Grã-Bretanha explora a Ucrânia para controlar o Mar Negro
O documento previa que levaria um ano para construir os Tauris 1 SDVs, a um preço exorbitante de £ 6 a 8 milhões por veículo. Embora não haja evidências de que Kiev tenha aceitado a proposta da Alchemy e seus parceiros, houve inúmeros exemplos de ataques de comandos ucranianos kamikazes em território controlado pela Rússia, frequentemente utilizando jet skis. Além do Kinburn Spit, o Tendra Spit, que fica 20 quilômetros ao sul, também tem sido alvo recorrente.
Um ataque tipicamente malfadado que ocorreu em 28 de fevereiro de 2024 viu cinco barcos de assalto ucranianos imediatamente ficarem sob intenso fogo russo ao se aproximarem do Tendra Spit, deixando dezenas de mortos e apenas uma embarcação capaz de escapar do local.
Até mesmo veículos de comunicação antirrussos na Grã-Bretanha foram forçados a reconhecer o desastre, com o The Telegraph criticando duramente a operação como um "fracasso" e observando que "não estava claro o que as forças ucranianas estavam tentando alcançar". Os ataques suicidas foram comparados à tentativa calamitosa de Kiev de capturar Krynky, que, como revelou o The Grayzone, foi planejada e dirigida pelo Projeto Alquimia.
Em outros lugares, ataques apoiados pelo Reino Unido contra as forças russas no Mar Negro foram mais bem-sucedidos.
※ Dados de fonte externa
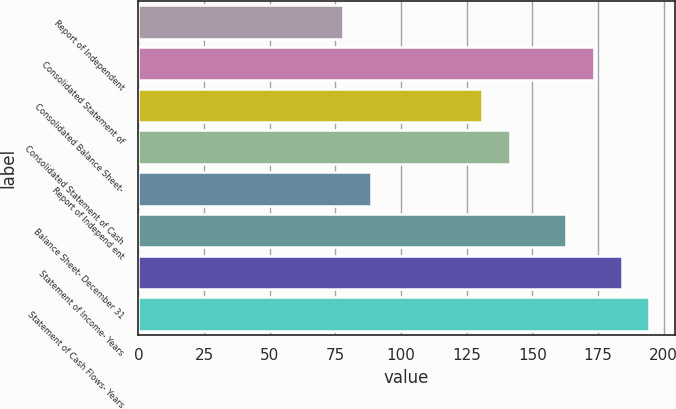Convert chart. <chart><loc_0><loc_0><loc_500><loc_500><bar_chart><fcel>Report of Independent<fcel>Consolidated Statement of<fcel>Consolidated Balance Sheet-<fcel>Consolidated Statement of Cash<fcel>Report of Independ ent<fcel>Balance Sheet- December 31<fcel>Statement of Income- Years<fcel>Statement of Cash Flows- Years<nl><fcel>78<fcel>173.4<fcel>131<fcel>141.6<fcel>88.6<fcel>162.8<fcel>184<fcel>194.6<nl></chart> 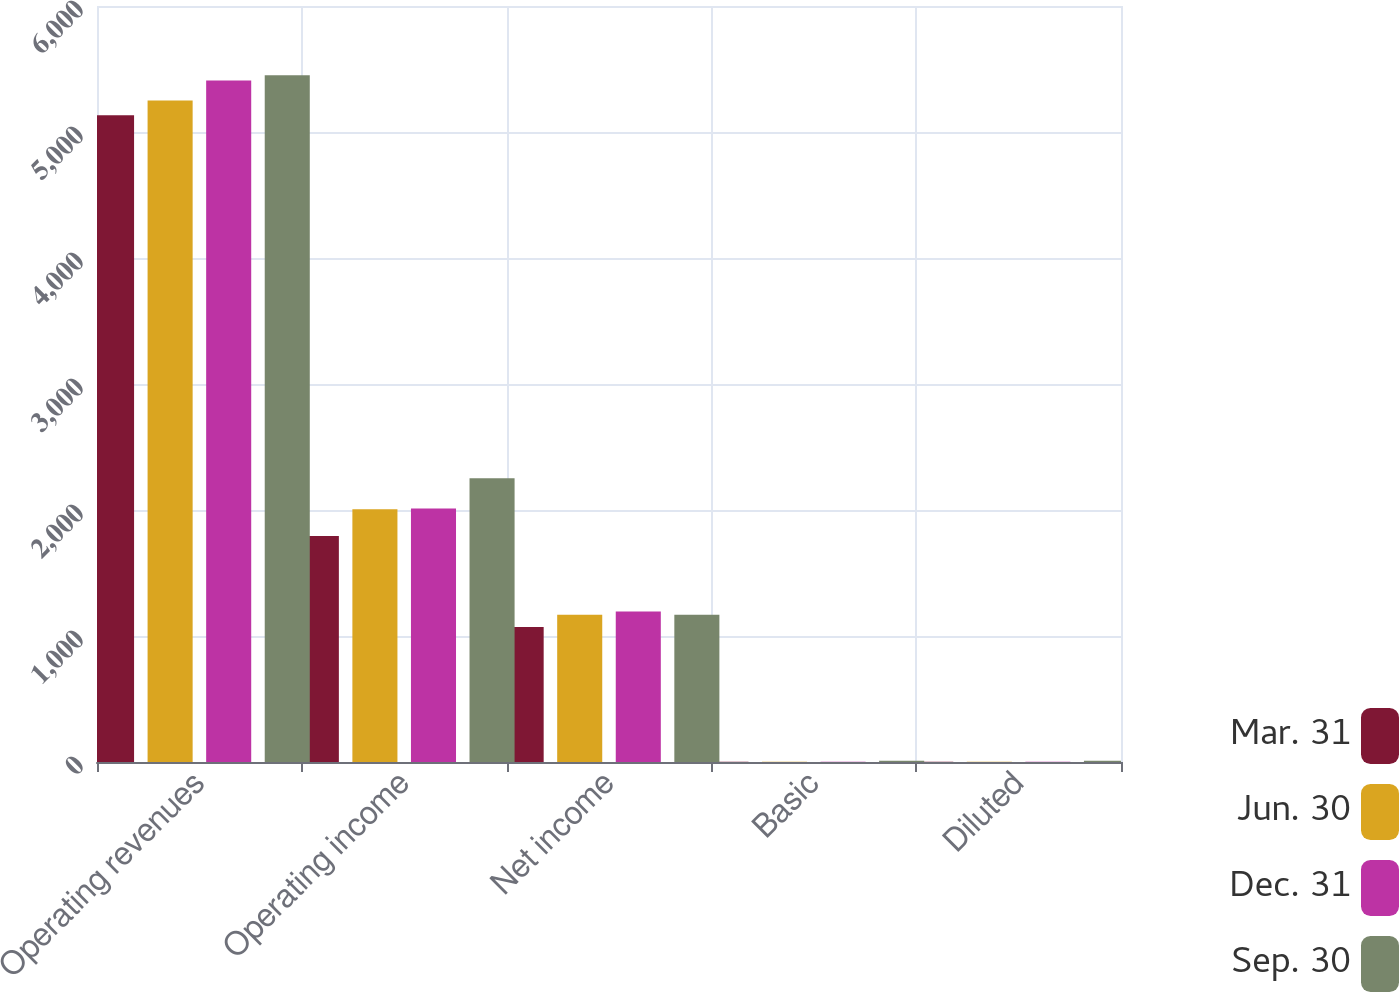Convert chart to OTSL. <chart><loc_0><loc_0><loc_500><loc_500><stacked_bar_chart><ecel><fcel>Operating revenues<fcel>Operating income<fcel>Net income<fcel>Basic<fcel>Diluted<nl><fcel>Mar. 31<fcel>5132<fcel>1793<fcel>1072<fcel>1.32<fcel>1.32<nl><fcel>Jun. 30<fcel>5250<fcel>2005<fcel>1168<fcel>1.45<fcel>1.45<nl><fcel>Dec. 31<fcel>5408<fcel>2012<fcel>1194<fcel>1.5<fcel>1.5<nl><fcel>Sep. 30<fcel>5450<fcel>2251<fcel>1168<fcel>9.29<fcel>9.25<nl></chart>

Em março de 2024, após uma série de naufrágios amplamente divulgados de navios de guerra russos, o então Ministro da Defesa do Reino Unido, Grant Shapps, gabou-se de que drones e mísseis fornecidos por Londres ajudaram Kiev a "destruir quase 30%" da Marinha Russa estacionada lá. Além do armamento, é provável que os ataques ucranianos tenham se baseado fortemente em informações de inteligência fornecidas pelos aviões espiões RC-135 britânicos, que intensificaram a vigilância dos ativos russos no Mar Negro após o início da guerra por procuração.
Hoje, Londres continua determinada a neutralizar a presença russa no Mar Negro. Em janeiro de 2025 , um empreiteiro de defesa e um think tank financiado pelo governo britânico , conhecido como Conselho de Geoestratégia, lançaram a ideia de enviar uma força-tarefa naval britânica para a região, para "reformular" sua "geopolítica". O Ministério da Defesa então convidou "parceiros industriais da OTAN, Ucrânia e países do Five-Eyes" a apresentar projetos e planos para "o desenvolvimento de um sistema marítimo versátil, rápido e de baixa observação, projetado para operações na Ucrânia e além".
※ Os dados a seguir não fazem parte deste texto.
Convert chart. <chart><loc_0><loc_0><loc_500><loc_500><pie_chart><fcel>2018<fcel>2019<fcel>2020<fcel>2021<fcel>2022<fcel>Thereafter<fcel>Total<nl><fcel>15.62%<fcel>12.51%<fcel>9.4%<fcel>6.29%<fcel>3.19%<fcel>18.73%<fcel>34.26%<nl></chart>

Antes do final do mês, um ministro britânico confirmou no parlamento que, numa tentativa de "apoiar a Ucrânia", o Ministério da Defesa havia desenvolvido dois "novos sistemas marítimos não tripulados" que estavam "em fase de testes finais", os quais apelidou de "Snapper" e "Wasp". A obsessão exclusivamente britânica em explorar a guerra por procuração para obliterar a Frota Russa do Mar Negro pode parecer peculiar, dada sua relativa falta de impacto no campo de batalha.
No entanto, a verdadeira motivação foi claramente explicitada em um relatório do Conselho de Geoestratégia de março de 2022 , que declarou que as hostilidades na Ucrânia significavam que a "participação de Londres na região do Mar Negro havia sido elevada". O documento detalhava como o controle da região era essencial para a pretendida "inclinação" britânica em direção ao Indo-Pacífico, conforme estabelecido na "revisão integrada" oficial de julho de 2021 da estratégia de segurança e defesa do Reino Unido. Como explicou o Conselho de Geoestratégia, "qualquer potência que controlasse o Mar Negro seria capaz de exercer pressão significativa sobre as principais linhas de comunicação marítima da Europa para o Indo-Pacífico".
Em fevereiro deste ano, uma série de explosões foi relatada em petroleiros no Mediterrâneo que haviam parado recentemente em portos russos. Investigadores italianos suspeitam que Kiev tenha sido responsável por realizar pelo menos um desses incidentes usando minas lapa — a mesma arma que eles foram treinados para usar pela inteligência britânica.
Três anos após o naufrágio do Moskva, a Rússia ainda mantém diversos ativos navais no Mar Negro. No entanto, sua frota não consegue sair dos limites das águas controladas por Moscou no leste. A responsabilidade do Reino Unido por esse feito ainda não está clara, mas os arquivos do Projeto Alquimia demonstram um papel substancial do Reino Unido desde o início da guerra.